At that point we had raised $2 million, and had 12 employees, so I couldn't just leave the country. Trying to navigate this while running a business was incredibly stressful. I had just spent $10,000 on a lawyer and I thought they would be able to handle this. I started talking to other founder friends who connected me with a different lawyer who pushed me to apply for the O-1 visa, which my previous lawyer had said was out of reach for founders. Eventually, through working a number of connections to find the right advice and another application process, I was able to get my O-1.

I was so fed up with the whole process. My takeaway was to go straight for the green card and be done with it. The whole process was insanely difficult and I know there are founders who don’t even try. All you're trying to do is build a company, employ Americans, be successful, and pay taxes. But there's no visa for founders. We need a startup visa. It's overdue and there are a lot of talented people who would not go home after studying in the U.S. or work from abroad, if they could just start their company here.

Can you tell me about your experience participating in Arizona’s regulatory sandbox and how that has informed your growth plan?

When you try to build a vertically integrated solution you’re working through all the bits and pieces of the value chain to see what works. Initially we thought, maybe we should just be the lender and wanted to be able to test that model to see what happens. We were living in Arizona at the time when I found the state’s sandbox program and it was a perfect fit. Participating in the sandbox meant we didn't have to operate under normal regulation and licensure requirements, which in FinTech is incredibly helpful when you’re trying to refine your business model. In return, we were in constant communication with the state about our plans and business. Sure enough we turned around and started pitching to interested parties much faster than we would have been able to otherwise.

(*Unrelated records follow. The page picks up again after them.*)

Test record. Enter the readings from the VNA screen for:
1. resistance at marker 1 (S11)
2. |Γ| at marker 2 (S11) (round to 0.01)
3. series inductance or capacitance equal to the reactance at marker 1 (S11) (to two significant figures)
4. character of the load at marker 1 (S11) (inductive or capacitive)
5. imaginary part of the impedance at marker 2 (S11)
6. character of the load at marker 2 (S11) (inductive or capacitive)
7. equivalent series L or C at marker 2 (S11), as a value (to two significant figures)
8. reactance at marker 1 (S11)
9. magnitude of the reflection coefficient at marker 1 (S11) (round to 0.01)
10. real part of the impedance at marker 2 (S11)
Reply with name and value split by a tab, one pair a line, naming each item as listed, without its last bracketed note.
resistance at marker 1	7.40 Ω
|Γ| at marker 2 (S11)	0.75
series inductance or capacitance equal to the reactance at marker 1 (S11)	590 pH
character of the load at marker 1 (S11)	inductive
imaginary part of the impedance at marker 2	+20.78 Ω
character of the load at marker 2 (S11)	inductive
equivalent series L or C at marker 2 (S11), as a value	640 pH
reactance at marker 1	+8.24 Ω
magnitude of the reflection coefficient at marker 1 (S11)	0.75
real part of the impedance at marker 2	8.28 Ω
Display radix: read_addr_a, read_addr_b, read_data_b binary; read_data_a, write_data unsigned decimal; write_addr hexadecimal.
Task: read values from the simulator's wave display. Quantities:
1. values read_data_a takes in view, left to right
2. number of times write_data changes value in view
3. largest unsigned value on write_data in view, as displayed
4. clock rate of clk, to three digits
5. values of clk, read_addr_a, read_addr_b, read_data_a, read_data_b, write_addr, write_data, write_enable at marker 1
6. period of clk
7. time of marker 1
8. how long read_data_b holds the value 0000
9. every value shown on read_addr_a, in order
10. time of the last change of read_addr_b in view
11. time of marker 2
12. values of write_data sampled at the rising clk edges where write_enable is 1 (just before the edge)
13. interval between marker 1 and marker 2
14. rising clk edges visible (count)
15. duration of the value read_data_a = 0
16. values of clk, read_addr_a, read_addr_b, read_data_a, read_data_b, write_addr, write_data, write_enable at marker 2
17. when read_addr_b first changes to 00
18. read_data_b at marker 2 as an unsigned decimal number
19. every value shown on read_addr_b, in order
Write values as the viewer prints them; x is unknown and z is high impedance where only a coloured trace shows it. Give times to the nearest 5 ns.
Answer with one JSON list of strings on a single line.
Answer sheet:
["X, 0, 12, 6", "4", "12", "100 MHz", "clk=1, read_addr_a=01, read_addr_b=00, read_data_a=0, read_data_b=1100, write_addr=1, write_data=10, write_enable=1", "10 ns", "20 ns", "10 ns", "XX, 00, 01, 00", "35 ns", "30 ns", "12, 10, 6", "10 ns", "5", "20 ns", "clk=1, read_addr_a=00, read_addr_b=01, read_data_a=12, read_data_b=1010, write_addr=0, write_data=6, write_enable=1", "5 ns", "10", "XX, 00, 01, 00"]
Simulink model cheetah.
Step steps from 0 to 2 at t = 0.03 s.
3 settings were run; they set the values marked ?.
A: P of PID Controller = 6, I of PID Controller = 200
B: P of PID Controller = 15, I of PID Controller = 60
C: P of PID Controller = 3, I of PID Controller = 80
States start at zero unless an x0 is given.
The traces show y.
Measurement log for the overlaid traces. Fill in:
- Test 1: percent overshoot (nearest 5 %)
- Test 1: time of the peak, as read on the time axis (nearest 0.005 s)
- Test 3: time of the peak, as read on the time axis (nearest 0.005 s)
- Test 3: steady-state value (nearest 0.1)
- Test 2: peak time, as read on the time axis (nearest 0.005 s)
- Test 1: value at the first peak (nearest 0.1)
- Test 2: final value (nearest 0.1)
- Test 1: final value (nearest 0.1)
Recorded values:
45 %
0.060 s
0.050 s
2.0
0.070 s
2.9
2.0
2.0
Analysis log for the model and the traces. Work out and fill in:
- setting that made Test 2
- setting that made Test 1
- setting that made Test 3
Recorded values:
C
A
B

We began to build the demand for our services and went to talk to lenders. It was then that we realized they're much better at the actual lending than we are, so we should never be lending business. Instead, we determined we were better suited as a marketplace and, ultimately, a software company. And had we not been in the sandbox, it would have been very difficult for us to test that model versus being the lender without running afoul of all the rules that regulate that space. And so very quickly we were able to pivot into the model that's much more suited for us. We've benefited massively from that experience.

What are your goals for WithClutch moving forward?

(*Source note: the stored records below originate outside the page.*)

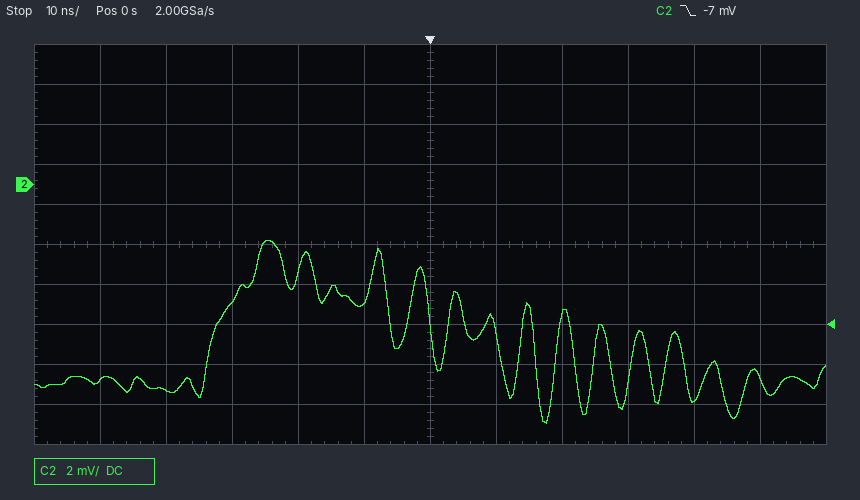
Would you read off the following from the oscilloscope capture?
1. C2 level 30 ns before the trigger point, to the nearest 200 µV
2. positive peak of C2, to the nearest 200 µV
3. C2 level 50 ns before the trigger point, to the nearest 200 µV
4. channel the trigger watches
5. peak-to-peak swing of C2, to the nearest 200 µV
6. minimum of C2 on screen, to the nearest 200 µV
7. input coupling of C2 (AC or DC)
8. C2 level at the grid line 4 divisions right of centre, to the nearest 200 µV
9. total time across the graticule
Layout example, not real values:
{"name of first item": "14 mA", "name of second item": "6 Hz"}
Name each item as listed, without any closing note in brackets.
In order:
{"C2 level 30 ns before the trigger point, to the nearest 200 µV": "-5.8 mV", "positive peak of C2, to the nearest 200 µV": "-2.8 mV", "C2 level 50 ns before the trigger point, to the nearest 200 µV": "-9.8 mV", "channel the trigger watches": "C2", "peak-to-peak swing of C2, to the nearest 200 µV": "9.2 mV", "minimum of C2 on screen, to the nearest 200 µV": "-12.0 mV", "input coupling of C2": "DC", "C2 level at the grid line 4 divisions right of centre, to the nearest 200 µV": "-10.8 mV", "total time across the graticule": "120 ns"}
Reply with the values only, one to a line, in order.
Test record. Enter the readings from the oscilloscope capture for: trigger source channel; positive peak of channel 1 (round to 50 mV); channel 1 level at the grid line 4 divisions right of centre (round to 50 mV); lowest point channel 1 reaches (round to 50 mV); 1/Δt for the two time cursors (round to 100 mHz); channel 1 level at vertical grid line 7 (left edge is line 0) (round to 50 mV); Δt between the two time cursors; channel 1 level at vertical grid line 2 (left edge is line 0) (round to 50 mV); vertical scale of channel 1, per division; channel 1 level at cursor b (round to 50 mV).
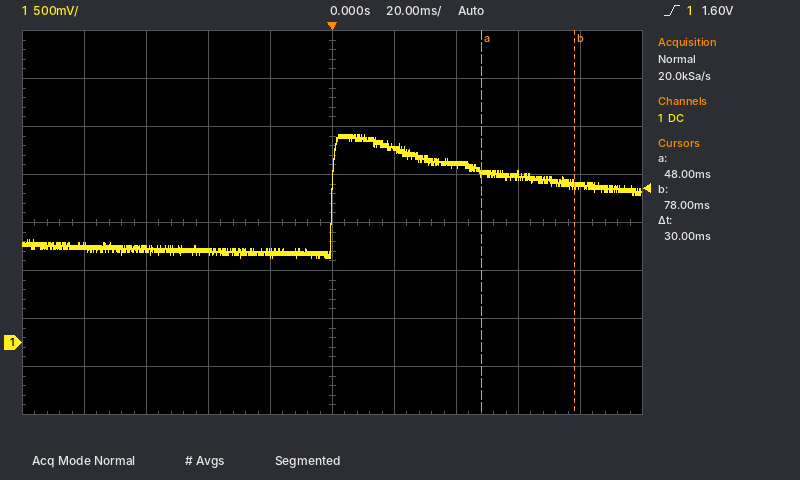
channel 1
2.15 V
1.65 V
900 mV
33.3 Hz
1.85 V
30 ms
1.00 V
500 mV
1.65 V
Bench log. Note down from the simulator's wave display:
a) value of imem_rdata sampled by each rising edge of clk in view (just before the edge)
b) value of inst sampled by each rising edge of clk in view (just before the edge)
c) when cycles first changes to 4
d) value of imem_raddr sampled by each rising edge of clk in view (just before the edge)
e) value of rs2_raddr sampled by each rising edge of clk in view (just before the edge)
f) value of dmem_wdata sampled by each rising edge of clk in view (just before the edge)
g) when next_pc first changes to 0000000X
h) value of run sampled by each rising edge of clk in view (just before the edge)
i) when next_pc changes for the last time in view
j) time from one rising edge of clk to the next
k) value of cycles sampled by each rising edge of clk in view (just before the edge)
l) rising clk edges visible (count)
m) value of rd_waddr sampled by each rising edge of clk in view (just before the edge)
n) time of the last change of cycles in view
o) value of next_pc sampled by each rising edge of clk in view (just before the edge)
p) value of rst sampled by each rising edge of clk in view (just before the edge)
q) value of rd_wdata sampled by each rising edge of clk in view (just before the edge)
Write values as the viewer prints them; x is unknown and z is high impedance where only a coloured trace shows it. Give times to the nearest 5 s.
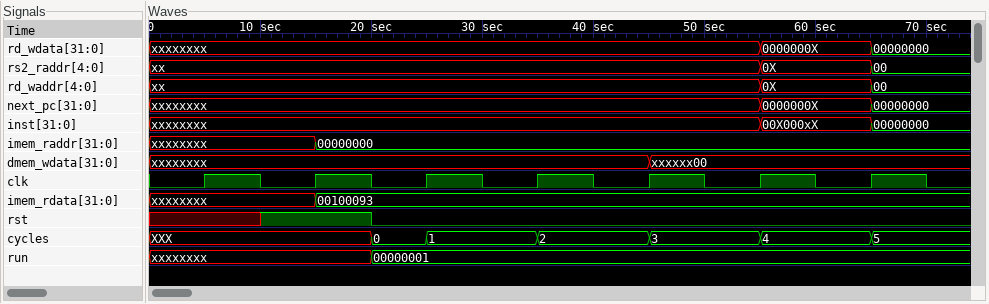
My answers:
xxxxxxxx, xxxxxxxx, 00100093, 00100093, 00100093, 00100093, 00100093
xxxxxxxx, xxxxxxxx, xxxxxxxx, xxxxxxxx, xxxxxxxx, xxxxxxxx, 00X000xX
55 s
xxxxxxxx, xxxxxxxx, 00000000, 00000000, 00000000, 00000000, 00000000
xx, xx, xx, xx, xx, xx, 0X
xxxxxxxx, xxxxxxxx, xxxxxxxx, xxxxxxxx, xxxxxxxx, xxxxxx00, xxxxxx00
55 s
xxxxxxxx, xxxxxxxx, 00000001, 00000001, 00000001, 00000001, 00000001
65 s
10 s
XXX, XXX, 0, 1, 2, 3, 4
7
xx, xx, xx, xx, xx, xx, 0X
65 s
xxxxxxxx, xxxxxxxx, xxxxxxxx, xxxxxxxx, xxxxxxxx, xxxxxxxx, 0000000X
x 1 0 0 0 0 0
xxxxxxxx, xxxxxxxx, xxxxxxxx, xxxxxxxx, xxxxxxxx, xxxxxxxx, 0000000X

There's no other country where people are as deep in debt as the U.S. Americans have $1.35 trillion in car loan debt. People who don’t have good credit have subprime mortgages that are really predatory. Many people have a large amount of student loans. There's so much debt and it's completely mispriced. You'd have to be blind to not see that something is wrong.

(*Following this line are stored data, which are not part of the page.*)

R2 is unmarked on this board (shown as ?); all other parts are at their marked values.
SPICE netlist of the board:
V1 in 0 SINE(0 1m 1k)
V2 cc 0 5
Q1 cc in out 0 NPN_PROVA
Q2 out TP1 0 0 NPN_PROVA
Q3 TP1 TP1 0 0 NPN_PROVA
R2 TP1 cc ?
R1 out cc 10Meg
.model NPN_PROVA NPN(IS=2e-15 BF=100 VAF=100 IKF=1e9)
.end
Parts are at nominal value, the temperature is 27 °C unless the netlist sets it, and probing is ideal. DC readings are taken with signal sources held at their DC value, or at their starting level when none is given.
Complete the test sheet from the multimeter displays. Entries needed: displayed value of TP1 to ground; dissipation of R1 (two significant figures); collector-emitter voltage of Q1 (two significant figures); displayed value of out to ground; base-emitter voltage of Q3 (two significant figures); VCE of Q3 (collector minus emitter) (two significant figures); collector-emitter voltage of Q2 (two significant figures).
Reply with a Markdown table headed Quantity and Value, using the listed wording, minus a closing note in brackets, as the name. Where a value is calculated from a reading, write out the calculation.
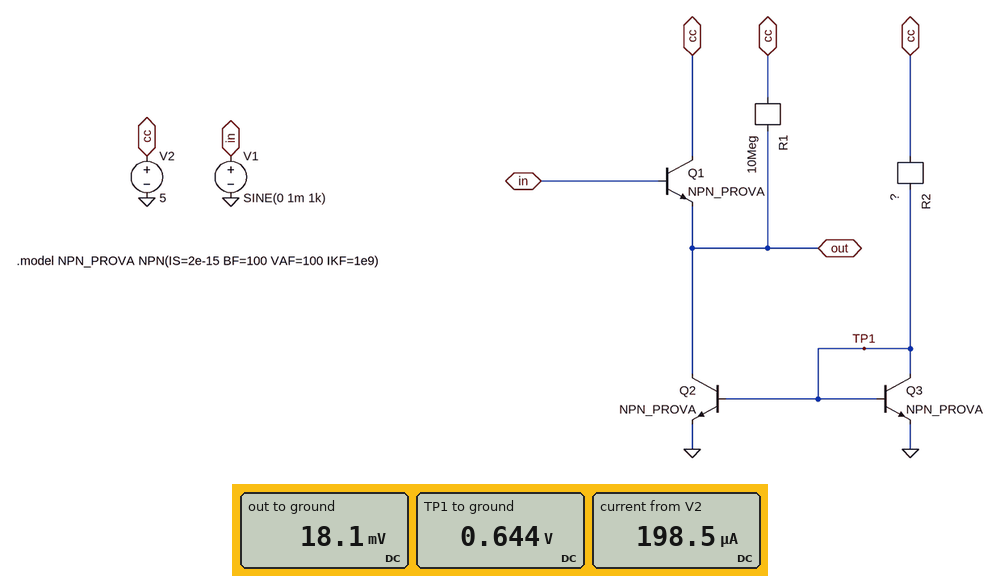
| Quantity | Value |
|---|---|
| displayed value of TP1 to ground | 0.644 V |
| dissipation of R1 | (5 V - 18.1 mV)^2 / 10 MΩ = 2.5 µW |
| collector-emitter voltage of Q1 | 5 V - 18.1 mV = 5.0 V |
| displayed value of out to ground | 18.1 mV |
| base-emitter voltage of Q3 | 644 mV = 640 mV |
| VCE of Q3 (collector minus emitter) | 644 mV = 640 mV |
| collector-emitter voltage of Q2 | 18.1 mV = 18 mV |
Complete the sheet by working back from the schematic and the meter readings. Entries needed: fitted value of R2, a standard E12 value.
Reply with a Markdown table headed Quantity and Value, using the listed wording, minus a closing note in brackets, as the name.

| Quantity | Value |
|---|---|
| fitted value of R2, a standard E12 value | 22 kΩ |
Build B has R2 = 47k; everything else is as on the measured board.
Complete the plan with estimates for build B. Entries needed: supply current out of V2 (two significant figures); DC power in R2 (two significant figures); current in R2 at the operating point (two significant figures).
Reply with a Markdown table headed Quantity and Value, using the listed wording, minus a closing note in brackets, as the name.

| Quantity | Value |
|---|---|
| supply current out of V2 | 94 µA |
| DC power in R2 | 410 µW |
| current in R2 at the operating point | 93 µA |
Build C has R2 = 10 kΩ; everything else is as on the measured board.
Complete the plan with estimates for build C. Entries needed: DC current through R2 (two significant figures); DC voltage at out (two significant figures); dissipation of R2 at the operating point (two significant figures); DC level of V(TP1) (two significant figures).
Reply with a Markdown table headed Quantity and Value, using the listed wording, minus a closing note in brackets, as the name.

| Quantity | Value |
|---|---|
| DC current through R2 | 430 µA |
| DC voltage at out | 18 mV |
| dissipation of R2 at the operating point | 1.9 mW |
| DC level of V(TP1) | 660 mV |
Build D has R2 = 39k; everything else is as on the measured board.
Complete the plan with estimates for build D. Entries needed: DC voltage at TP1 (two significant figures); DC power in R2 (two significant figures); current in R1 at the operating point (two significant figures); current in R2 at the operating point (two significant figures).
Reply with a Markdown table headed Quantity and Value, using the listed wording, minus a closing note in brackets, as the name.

| Quantity | Value |
|---|---|
| DC voltage at TP1 | 630 mV |
| DC power in R2 | 490 µW |
| current in R1 at the operating point | 500 nA |
| current in R2 at the operating point | 110 µA |

It is our goal to try to fix that problem to the extent possible. If you build a business that moves the needle, you move the needle at a massive scale. For example, if someone is living off of $400 in savings (as a lot of Americans are), and you save them $80 or $100 a month in interest expenses, instead of throwing that money out the window, they could do something else with it—put it in their savings account, and they may get to a place where capital starts working for them. Look at what happened during COVID—people with money became orders of magnitude richer than people who didn't have any capital before, and one of the big traps is debt. 

Our goal is to just put as much money back in the pockets of the consumer, and try to help people build wealth to get out of this trap. If we’re just a tiny bit successful, it impacts a lot of people. It's very motivating to go to work every day when that's your mission.


All of the information in this profile was accurate at the date and time of publication.